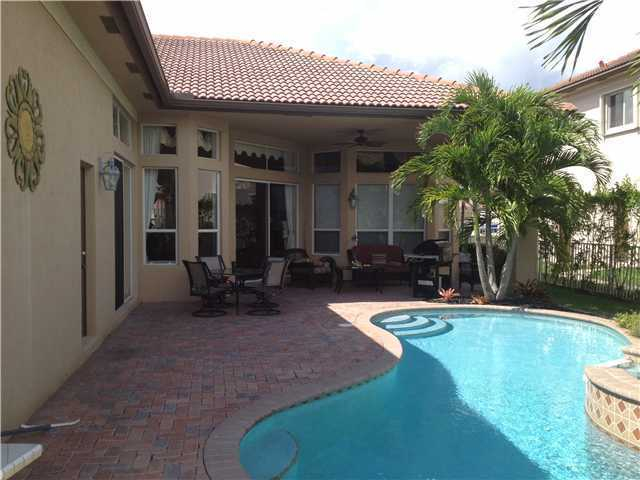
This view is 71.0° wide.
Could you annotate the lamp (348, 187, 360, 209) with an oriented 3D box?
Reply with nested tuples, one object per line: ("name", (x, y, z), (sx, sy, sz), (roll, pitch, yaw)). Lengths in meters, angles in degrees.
("lamp", (1.080, -1.319, 14.040), (0.384, 0.667, 0.327), (1, 6, -14))

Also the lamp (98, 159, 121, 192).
("lamp", (-3.456, -1.089, 7.416), (0.268, 0.546, 0.459), (0, 7, -21))

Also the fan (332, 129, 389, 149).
("fan", (1.148, -2.948, 13.263), (1.410, 0.429, 2.005), (3, 6, 1))
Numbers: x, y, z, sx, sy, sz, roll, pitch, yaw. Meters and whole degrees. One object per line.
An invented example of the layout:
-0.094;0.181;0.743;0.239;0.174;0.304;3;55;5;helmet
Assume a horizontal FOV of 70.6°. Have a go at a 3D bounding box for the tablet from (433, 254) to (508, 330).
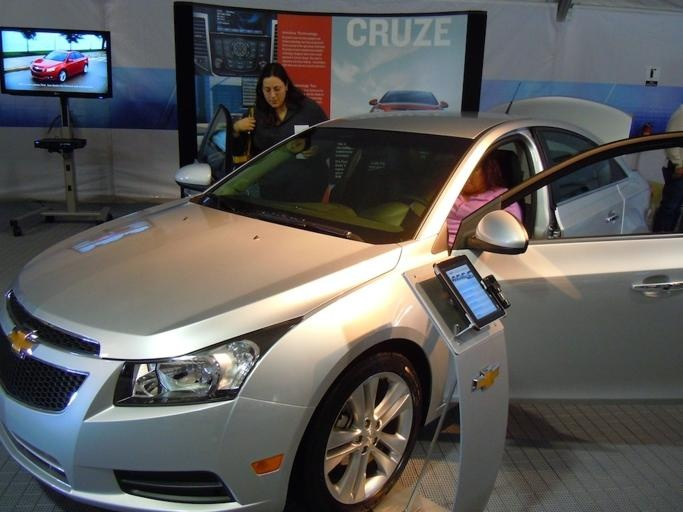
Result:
0.471;0.142;1.868;0.215;0.315;0.063;-21;-14;-38;tablet
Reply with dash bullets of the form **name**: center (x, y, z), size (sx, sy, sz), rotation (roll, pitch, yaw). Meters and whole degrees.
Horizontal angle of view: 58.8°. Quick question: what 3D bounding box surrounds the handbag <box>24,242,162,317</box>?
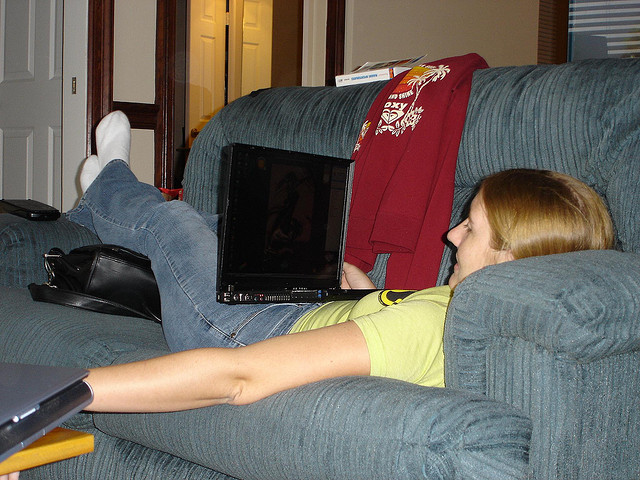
- **handbag**: center (-0.583, 0.082, 1.469), size (0.254, 0.138, 0.357), rotation (13, 6, 27)

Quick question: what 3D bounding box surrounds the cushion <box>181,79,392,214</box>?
- **cushion**: center (-0.135, -0.298, 1.855), size (0.690, 0.428, 0.157), rotation (3, 2, 28)

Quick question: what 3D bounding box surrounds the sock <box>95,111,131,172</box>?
- **sock**: center (-0.667, -0.336, 1.833), size (0.103, 0.219, 0.291), rotation (1, 2, -21)

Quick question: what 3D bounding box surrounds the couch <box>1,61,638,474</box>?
- **couch**: center (0.098, 0.102, 1.668), size (1.623, 0.849, 0.851), rotation (-4, -14, 6)

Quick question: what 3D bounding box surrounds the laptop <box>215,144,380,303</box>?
- **laptop**: center (-0.095, -0.056, 1.339), size (0.406, 0.311, 0.364), rotation (2, 10, -27)
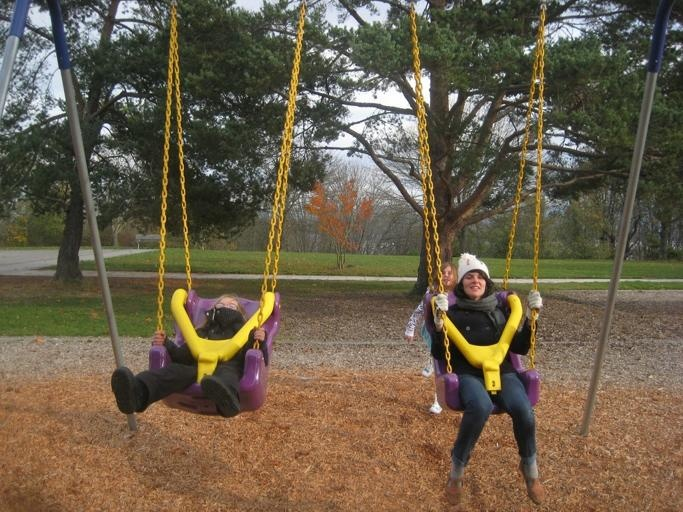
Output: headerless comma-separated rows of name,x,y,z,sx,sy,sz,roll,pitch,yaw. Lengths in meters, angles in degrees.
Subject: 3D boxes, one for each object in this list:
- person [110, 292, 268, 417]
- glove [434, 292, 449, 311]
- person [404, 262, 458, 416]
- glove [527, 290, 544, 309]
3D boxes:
person,-1.551,1.016,7.355,1.506,1.175,1.314,3,3,-6
glove,1.017,0.470,6.937,0.128,0.178,0.066,3,-6,3
person,1.135,1.001,8.427,0.632,1.511,0.360,0,9,12
glove,1.999,0.460,6.993,0.169,0.251,0.116,-7,-13,41
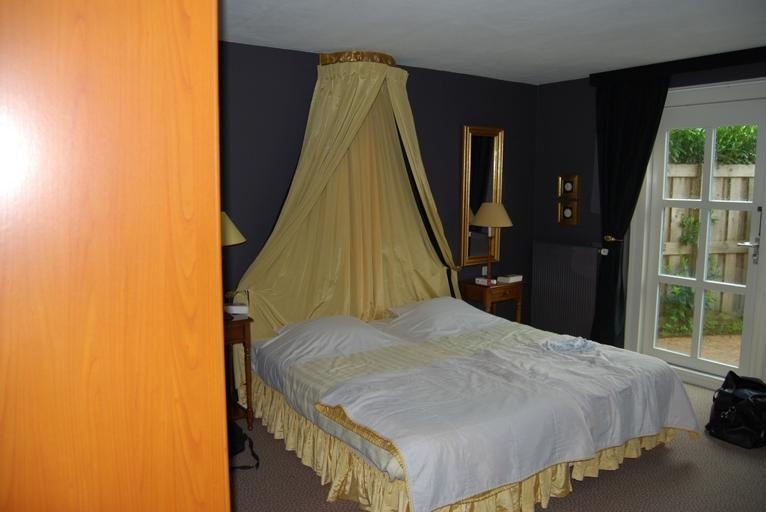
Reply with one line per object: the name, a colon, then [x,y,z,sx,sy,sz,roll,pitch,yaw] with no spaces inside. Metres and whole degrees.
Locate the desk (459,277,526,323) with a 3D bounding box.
desk: [1.188,0.367,5.857,0.563,0.716,0.457,-4,5,-44]

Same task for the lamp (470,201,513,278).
lamp: [1.103,-0.147,5.739,0.365,0.812,0.480,-1,13,2]

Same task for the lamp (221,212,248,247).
lamp: [-1.130,-0.171,4.204,0.141,0.292,0.542,-5,13,-15]

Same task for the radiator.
radiator: [1.933,0.343,5.782,0.106,1.315,0.893,-3,6,-35]

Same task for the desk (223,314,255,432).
desk: [-1.082,0.840,4.278,0.213,0.885,0.408,-5,14,-16]

========================

_What is required_
Please restate the material word for word; the pictures stay out.

_Task response_
This view is 71.0° wide.
Could you annotate the lamp (348, 187, 360, 209) with an oriented 3D box?
Reply with nested tuples, one object per line: ("name", (x, y, z), (sx, sy, sz), (roll, pitch, yaw)). Lengths in meters, angles in degrees.
("lamp", (1.080, -1.319, 14.040), (0.384, 0.667, 0.327), (1, 6, -14))

Also the lamp (98, 159, 121, 192).
("lamp", (-3.456, -1.089, 7.416), (0.268, 0.546, 0.459), (0, 7, -21))

Also the fan (332, 129, 389, 149).
("fan", (1.148, -2.948, 13.263), (1.410, 0.429, 2.005), (3, 6, 1))
Numbers: x, y, z, sx, sy, sz, roll, pitch, yaw. Meters and whole degrees. One object per line.
An invented example of the layout:
-0.094;0.181;0.743;0.239;0.174;0.304;3;55;5;helmet
Assume a horizontal FOV of 70.6°. Have a go at a 3D bounding box for the tablet from (433, 254) to (508, 330).
Result:
0.471;0.142;1.868;0.215;0.315;0.063;-21;-14;-38;tablet
Reply with dash bullets of the form **name**: center (x, y, z), size (sx, sy, sz), rotation (roll, pitch, yaw). Meters and whole degrees.
Horizontal angle of view: 58.8°. Quick question: what 3D bounding box surrounds the handbag <box>24,242,162,317</box>?
- **handbag**: center (-0.583, 0.082, 1.469), size (0.254, 0.138, 0.357), rotation (13, 6, 27)

Quick question: what 3D bounding box surrounds the cushion <box>181,79,392,214</box>?
- **cushion**: center (-0.135, -0.298, 1.855), size (0.690, 0.428, 0.157), rotation (3, 2, 28)

Quick question: what 3D bounding box surrounds the sock <box>95,111,131,172</box>?
- **sock**: center (-0.667, -0.336, 1.833), size (0.103, 0.219, 0.291), rotation (1, 2, -21)

Quick question: what 3D bounding box surrounds the couch <box>1,61,638,474</box>?
- **couch**: center (0.098, 0.102, 1.668), size (1.623, 0.849, 0.851), rotation (-4, -14, 6)

Quick question: what 3D bounding box surrounds the laptop <box>215,144,380,303</box>?
- **laptop**: center (-0.095, -0.056, 1.339), size (0.406, 0.311, 0.364), rotation (2, 10, -27)
Output: headerless comma-separated rows of name,x,y,z,sx,sy,sz,roll,pitch,yaw. Lengths in meters, angles in degrees.
Subject: 3D boxes, one for each object in this list:
- person [110, 292, 268, 417]
- glove [434, 292, 449, 311]
- person [404, 262, 458, 416]
- glove [527, 290, 544, 309]
3D boxes:
person,-1.551,1.016,7.355,1.506,1.175,1.314,3,3,-6
glove,1.017,0.470,6.937,0.128,0.178,0.066,3,-6,3
person,1.135,1.001,8.427,0.632,1.511,0.360,0,9,12
glove,1.999,0.460,6.993,0.169,0.251,0.116,-7,-13,41
Reply with one line per object: the name, a colon, then [x,y,z,sx,sy,sz,roll,pitch,yaw] with no spaces inside. Metres and whole degrees.
Locate the desk (459,277,526,323) with a 3D bounding box.
desk: [1.188,0.367,5.857,0.563,0.716,0.457,-4,5,-44]

Same task for the lamp (470,201,513,278).
lamp: [1.103,-0.147,5.739,0.365,0.812,0.480,-1,13,2]

Same task for the lamp (221,212,248,247).
lamp: [-1.130,-0.171,4.204,0.141,0.292,0.542,-5,13,-15]

Same task for the radiator.
radiator: [1.933,0.343,5.782,0.106,1.315,0.893,-3,6,-35]

Same task for the desk (223,314,255,432).
desk: [-1.082,0.840,4.278,0.213,0.885,0.408,-5,14,-16]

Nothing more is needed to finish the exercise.